→ **How to complete this task**
In the entries below, find the line with "def getAllNavaidsByIdent: Route" and the line with "def getNavaidsByStation(station: String): Route". Print those two and everything between them exactly, and nothing else.

→ **Data shown**
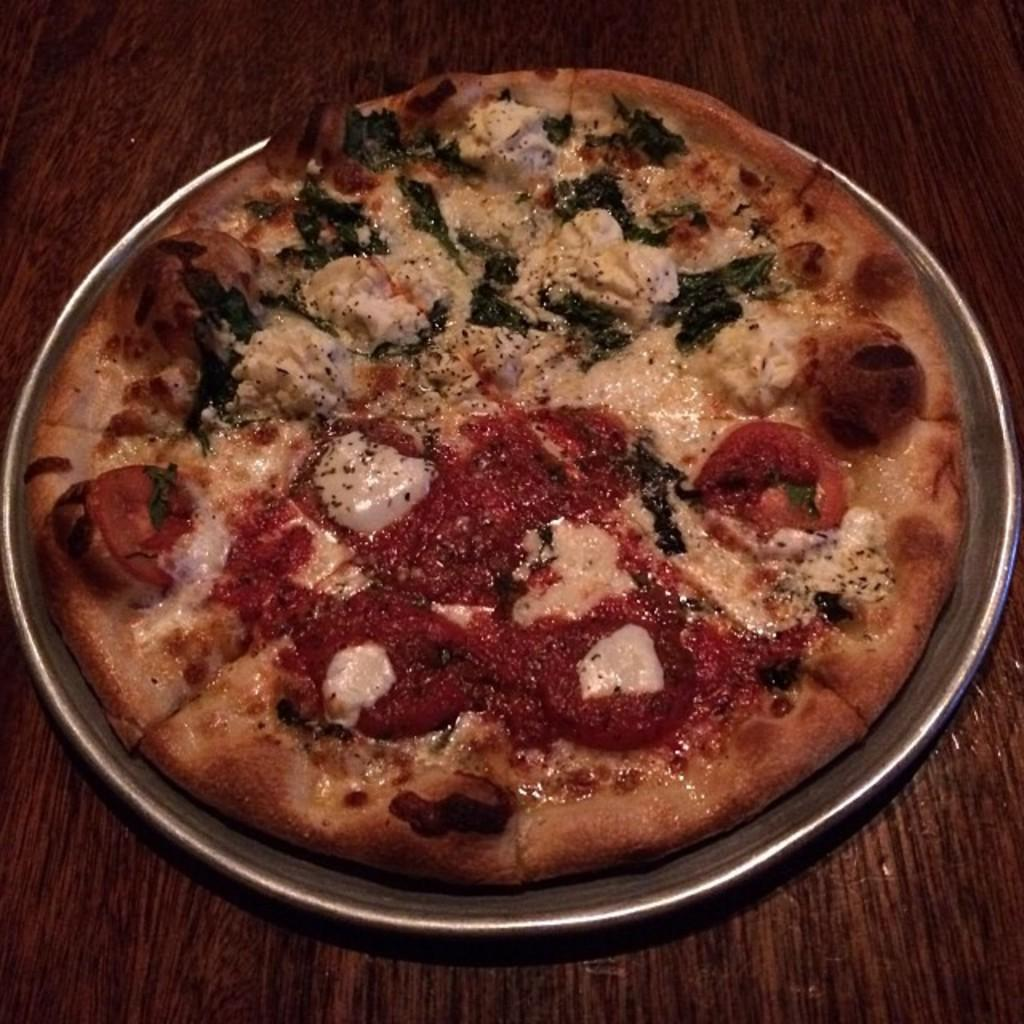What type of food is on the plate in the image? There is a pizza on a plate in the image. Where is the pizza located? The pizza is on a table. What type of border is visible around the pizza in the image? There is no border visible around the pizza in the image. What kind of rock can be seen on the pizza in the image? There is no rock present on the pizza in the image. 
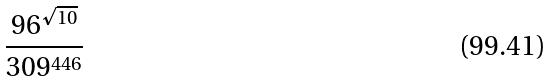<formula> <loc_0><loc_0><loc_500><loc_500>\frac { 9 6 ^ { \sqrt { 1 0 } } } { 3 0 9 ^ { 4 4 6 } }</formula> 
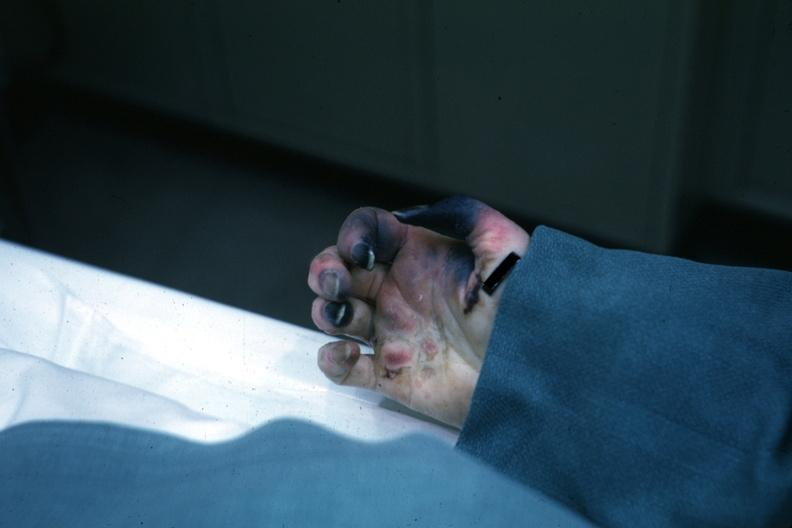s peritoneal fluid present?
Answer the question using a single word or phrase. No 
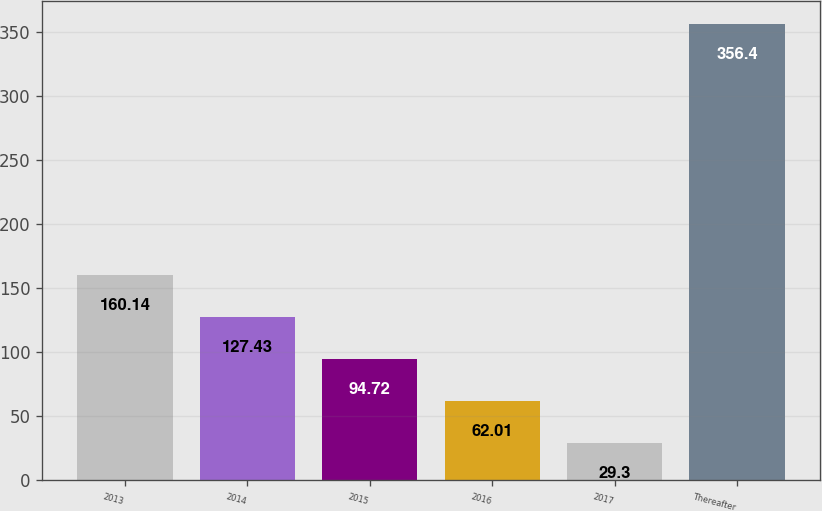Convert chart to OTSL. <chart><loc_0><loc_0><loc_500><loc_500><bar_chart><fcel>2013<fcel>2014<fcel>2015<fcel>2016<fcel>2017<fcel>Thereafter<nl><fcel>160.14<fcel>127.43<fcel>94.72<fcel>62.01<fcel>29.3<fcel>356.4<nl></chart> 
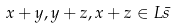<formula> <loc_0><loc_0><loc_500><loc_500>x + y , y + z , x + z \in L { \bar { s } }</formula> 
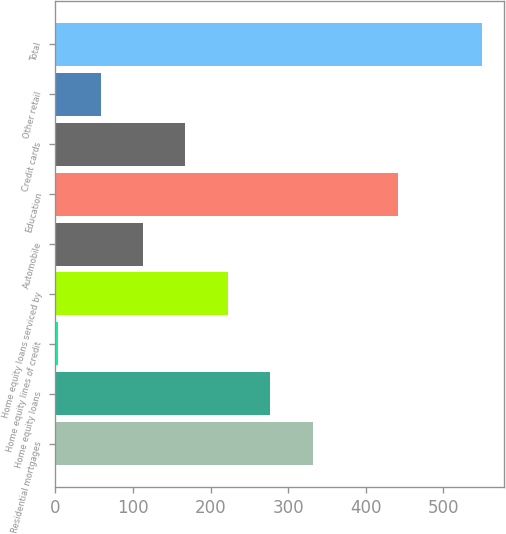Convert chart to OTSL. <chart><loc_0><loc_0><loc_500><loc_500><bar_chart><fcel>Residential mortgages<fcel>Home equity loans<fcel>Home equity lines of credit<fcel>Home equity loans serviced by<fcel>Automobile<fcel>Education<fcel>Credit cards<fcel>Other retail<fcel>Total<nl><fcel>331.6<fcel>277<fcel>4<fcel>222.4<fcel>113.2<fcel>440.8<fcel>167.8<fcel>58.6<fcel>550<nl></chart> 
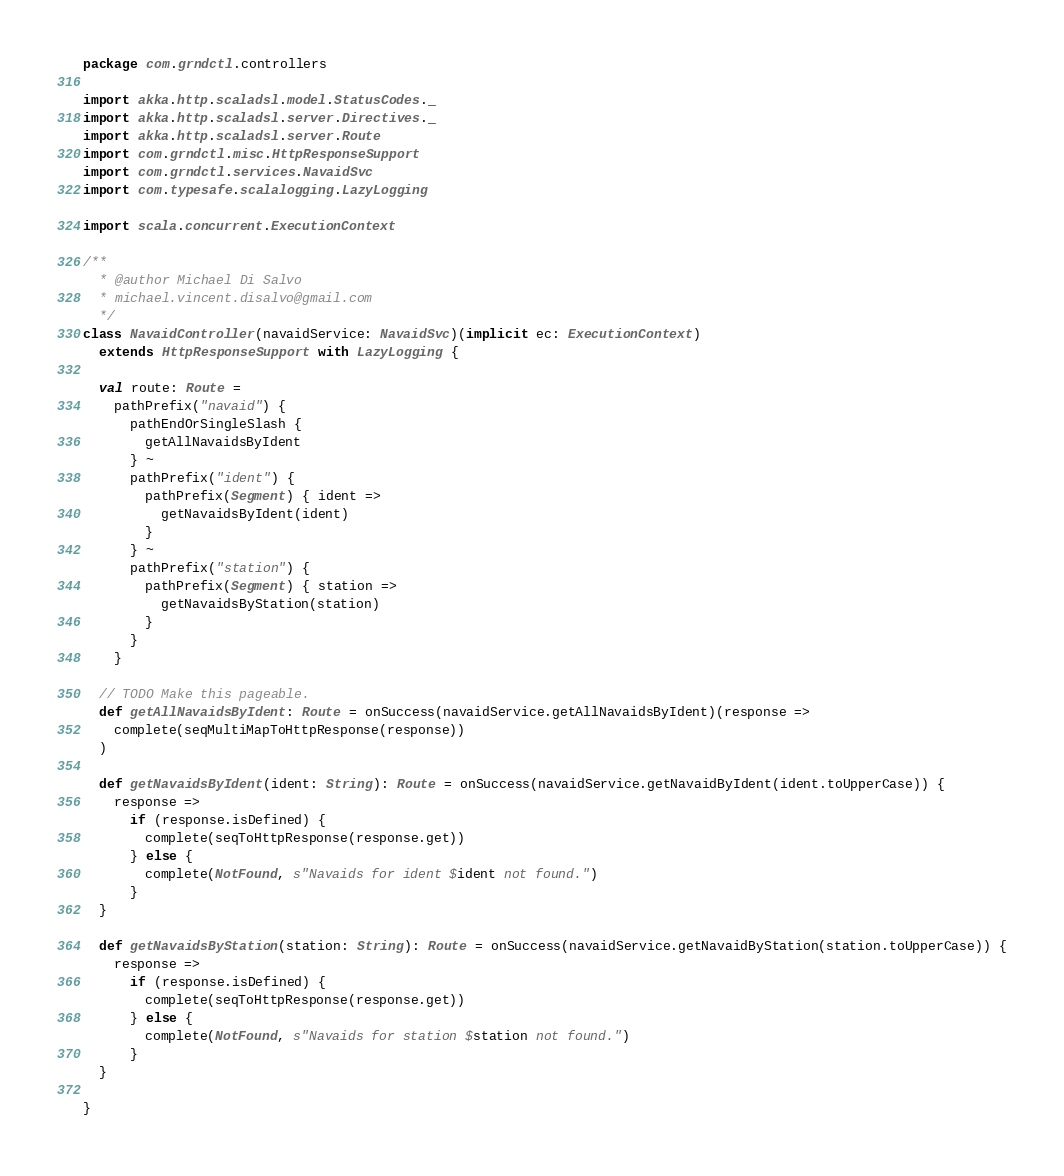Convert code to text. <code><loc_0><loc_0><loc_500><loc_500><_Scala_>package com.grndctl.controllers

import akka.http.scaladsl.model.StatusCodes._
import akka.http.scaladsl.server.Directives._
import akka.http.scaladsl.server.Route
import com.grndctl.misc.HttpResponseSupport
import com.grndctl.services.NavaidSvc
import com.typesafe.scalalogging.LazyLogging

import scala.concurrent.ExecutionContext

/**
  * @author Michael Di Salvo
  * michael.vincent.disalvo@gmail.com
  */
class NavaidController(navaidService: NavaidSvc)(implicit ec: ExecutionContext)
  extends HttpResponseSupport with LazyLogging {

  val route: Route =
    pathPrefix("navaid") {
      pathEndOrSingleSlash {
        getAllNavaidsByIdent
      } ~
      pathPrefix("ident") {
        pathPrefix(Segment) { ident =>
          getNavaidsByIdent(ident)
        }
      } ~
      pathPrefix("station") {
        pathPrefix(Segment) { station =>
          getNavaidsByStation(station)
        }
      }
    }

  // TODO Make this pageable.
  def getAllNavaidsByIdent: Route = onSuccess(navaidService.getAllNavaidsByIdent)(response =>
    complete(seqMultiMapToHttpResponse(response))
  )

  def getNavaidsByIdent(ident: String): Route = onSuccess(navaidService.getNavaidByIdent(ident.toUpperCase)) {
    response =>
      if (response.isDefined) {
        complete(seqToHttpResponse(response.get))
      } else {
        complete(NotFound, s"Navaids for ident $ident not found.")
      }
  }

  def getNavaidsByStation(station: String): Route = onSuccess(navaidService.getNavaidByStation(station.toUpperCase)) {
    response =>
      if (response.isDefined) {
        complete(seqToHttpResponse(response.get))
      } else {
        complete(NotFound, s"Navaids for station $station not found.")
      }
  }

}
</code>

...

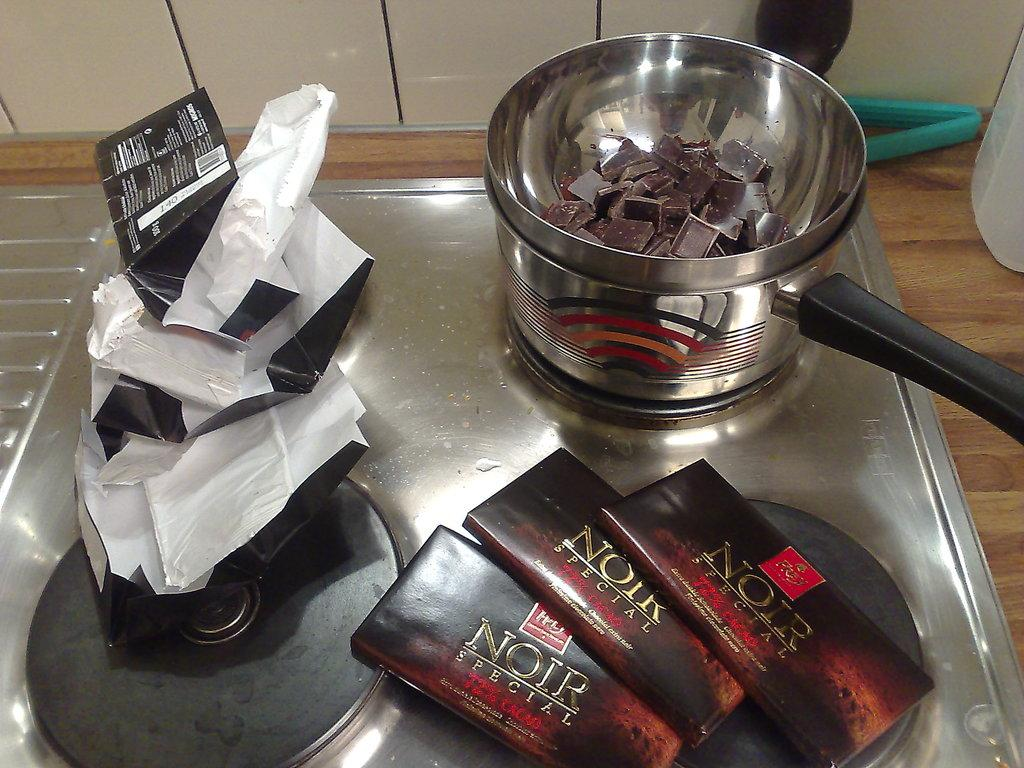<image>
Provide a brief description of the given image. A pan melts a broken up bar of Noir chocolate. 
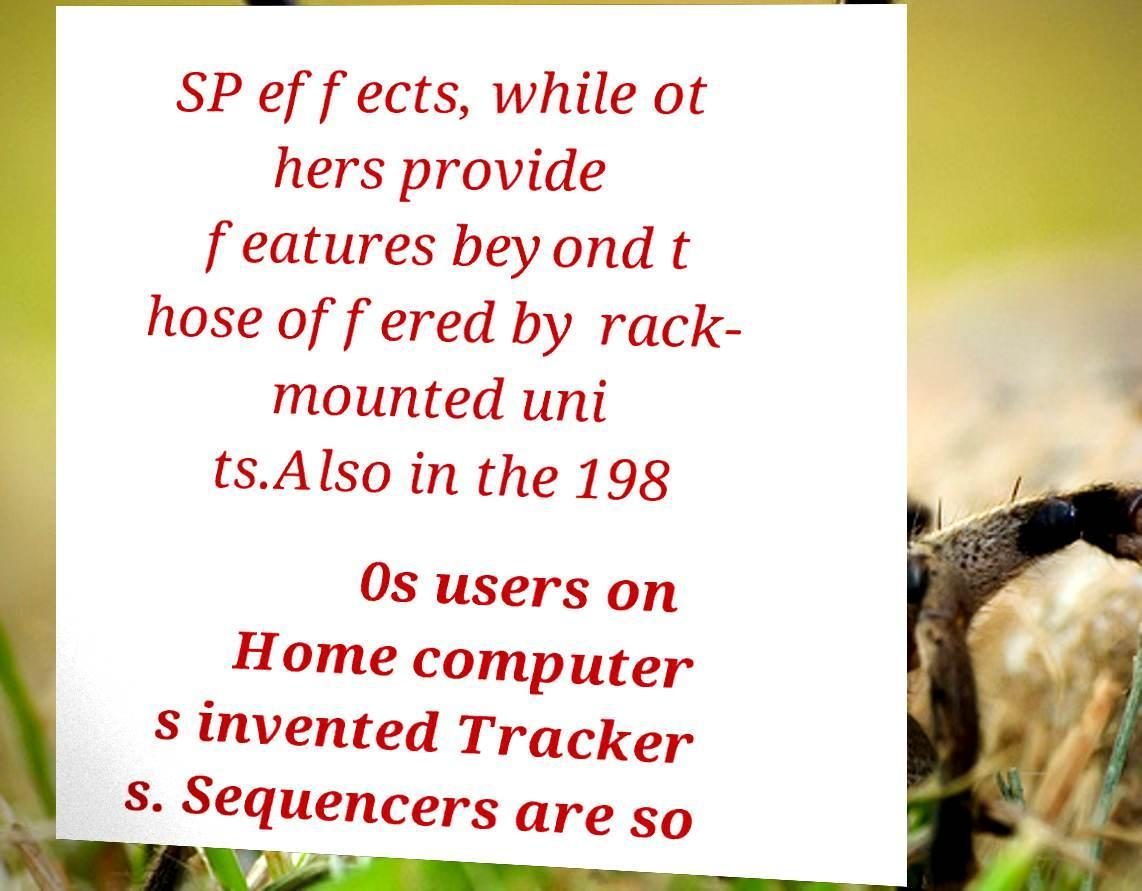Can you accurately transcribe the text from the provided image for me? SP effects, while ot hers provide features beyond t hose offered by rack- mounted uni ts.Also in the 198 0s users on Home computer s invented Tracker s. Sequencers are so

→ **Exercise response**
  def getAllNavaidsByIdent: Route = onSuccess(navaidService.getAllNavaidsByIdent)(response =>
    complete(seqMultiMapToHttpResponse(response))
  )

  def getNavaidsByIdent(ident: String): Route = onSuccess(navaidService.getNavaidByIdent(ident.toUpperCase)) {
    response =>
      if (response.isDefined) {
        complete(seqToHttpResponse(response.get))
      } else {
        complete(NotFound, s"Navaids for ident $ident not found.")
      }
  }

  def getNavaidsByStation(station: String): Route = onSuccess(navaidService.getNavaidByStation(station.toUpperCase)) {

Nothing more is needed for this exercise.